Aber Erdogan könnte es übertreiben, meint Daniel Pipes. Er sei dabei, zu weit zu gehen - in der Außenpolitik, bei der Staatsverschuldung, bei der Durchsetzung der Scharia, beim Vorgehen gegen Militärs.

Was wird Erdogan tun, wenn er bei Wahlen unterliegt? Pipes bescheinigt ihm eine "proto-diktatorische Mentalität". Er zitiert Erdogans bekannte Aussage: Die Demokratie ist wie eine Straßenbahn. Wenn man die Haltestelle erreicht hat, steigt man aus.

Bei der nächsten Krise könnte Erdogan aussteigen. Der Westen solle endlich von der Vorstellung Abschied nehmen, die Türkei sei noch das Land Atatürks, resümiert Professor Pipes.

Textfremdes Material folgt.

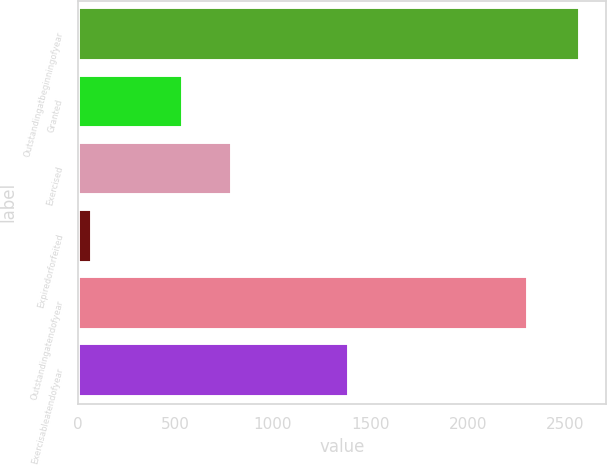<chart> <loc_0><loc_0><loc_500><loc_500><bar_chart><fcel>Outstandingatbeginningofyear<fcel>Granted<fcel>Exercised<fcel>Expiredorforfeited<fcel>Outstandingatendofyear<fcel>Exercisableatendofyear<nl><fcel>2579<fcel>538<fcel>788.8<fcel>71<fcel>2310<fcel>1391<nl></chart> 
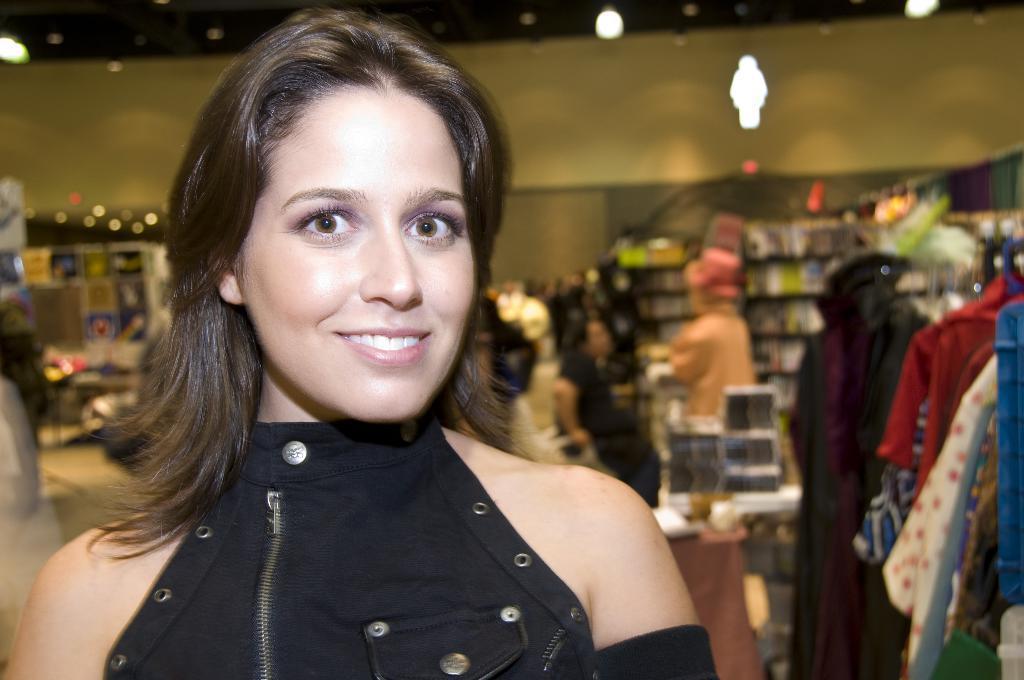Can you describe this image briefly? In this picture I can see a woman smiling, and in the background there are group of people , lights, clothes and some other items. 
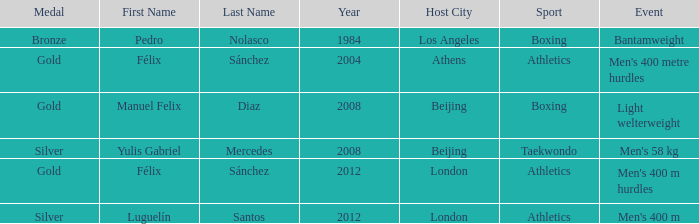Which medal was won in the 2008 beijing games in the category of taekwondo? Silver. 
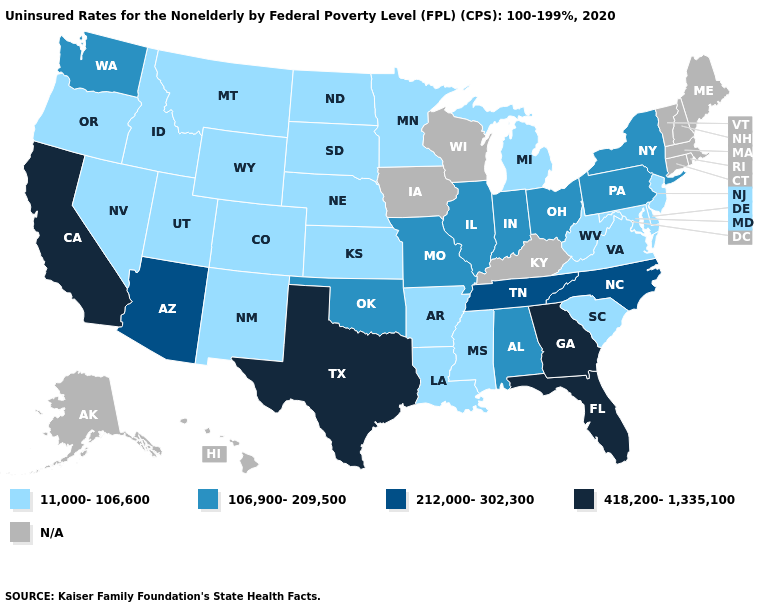Which states have the highest value in the USA?
Quick response, please. California, Florida, Georgia, Texas. What is the value of Wisconsin?
Answer briefly. N/A. Does the map have missing data?
Answer briefly. Yes. Is the legend a continuous bar?
Short answer required. No. What is the value of North Dakota?
Be succinct. 11,000-106,600. Does the first symbol in the legend represent the smallest category?
Keep it brief. Yes. What is the value of Wisconsin?
Answer briefly. N/A. Name the states that have a value in the range 11,000-106,600?
Answer briefly. Arkansas, Colorado, Delaware, Idaho, Kansas, Louisiana, Maryland, Michigan, Minnesota, Mississippi, Montana, Nebraska, Nevada, New Jersey, New Mexico, North Dakota, Oregon, South Carolina, South Dakota, Utah, Virginia, West Virginia, Wyoming. Name the states that have a value in the range 212,000-302,300?
Keep it brief. Arizona, North Carolina, Tennessee. What is the value of Missouri?
Short answer required. 106,900-209,500. What is the value of Maine?
Be succinct. N/A. Among the states that border Arizona , does California have the highest value?
Short answer required. Yes. Name the states that have a value in the range 418,200-1,335,100?
Quick response, please. California, Florida, Georgia, Texas.

Soweit ich - vor allem aufgrund der Analysen von Stratfor - die Lage in der Türkei beurteilen kann, erscheint mir die Wertung von Pipes realistisch. Die Vorstellung, dieses Land könne Mitglied der EU werden, ist nachgerade absurd. Ebenso könnte man erwägen, Weißrußland in die EU aufzunehmen.

Auch Pipes anerkennt die beeindruckenden Erfolge Erdogans. Er ist in der Tat ein großer und ein skrupelloser Staatsmann, vergleichbar Putin.

Solche entschlossenen Machtpolitiker bringen Demokratien nur selten hervor. Es sind Menschen, die im Grunde nicht in eine Demokratie passen.

Wahlen bringen sie nach oben. Sie wissen es im allgemeinen zu verhindern, daß sie nach Wahlen die Macht abgeben müssen.